Review: Inside
NOTE: This story was originally published on July 16, 2016 on Geek Bravado, my former blog.
WARNING: The later parts of this review will spoil the endings of both Inside and Limbo. It’s impossible for me to provide my full critique otherwise.
After debuting with the hit Limbo in 2010, many were eagerly awaiting the next title from Danish indie studio Playdead. They spent the next several years porting it to practically everything with a screen and left everyone wondering what they were going to do next. Their second game, Inside, finally came out recently, with very little buzz for something so highly anticipated. It instantly became an indie critical darling, with many critics claiming it to be far better than Limbo and an easy contender for game of the year. I played and finished Inside in one afternoon and while I did enjoy it, I can’t disagree more with these other critics.
The common elements between Inside and Limbo are plentiful and obvious but Playdead have also made some nice iterative improvements. There is no UI and you use only two buttons and the analog stick. The mechanics are so simple, the games don’t even have a tutorial, nor do they need one. They’re able to use this minimal control style to create some deep and intricate environmental puzzles and while most of the ones you’ll encounter in Inside aren’t very difficult, it’s also impressive what they were able to construct with only two buttons. It’s not a bad formula but it’s not at all out of line to say that the majority of Inside just plays like more Limbo and after 6 years of development, I’d hoped we’d see more than that.
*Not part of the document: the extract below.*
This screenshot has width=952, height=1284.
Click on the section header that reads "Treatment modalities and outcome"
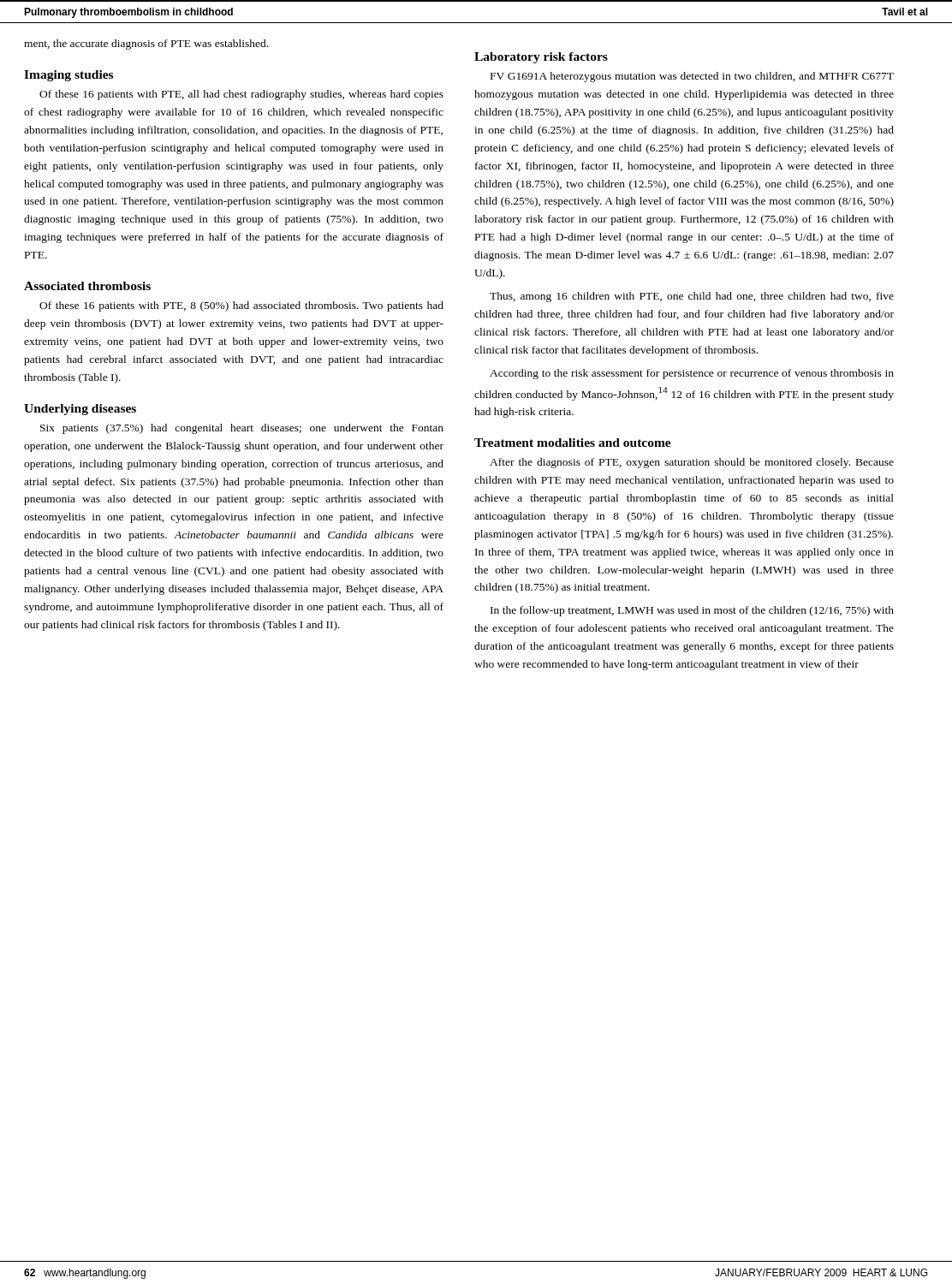573,442

Where Playdead has really upped its game is in the art department. Limbo had a very flat, black & white, almost newspaper comic art style that was striking and beautiful but like its mechanics, very minimalist. Inside is in colour but still uses a limited palette to great effect, using generally subtle variances in tone to highlight important things. If something stands out, you know they intended it to be that way. They also used a means of presenting depth that I can’t really explain without visuals but everything really pops out, almost like it’s being presented in stereoscopic 3D, even though it isn’t. Check Giant Bomb’s image gallery on the game for some great examples. It’s a beautiful, yet oppressive aesthetic that weighs you down with intent.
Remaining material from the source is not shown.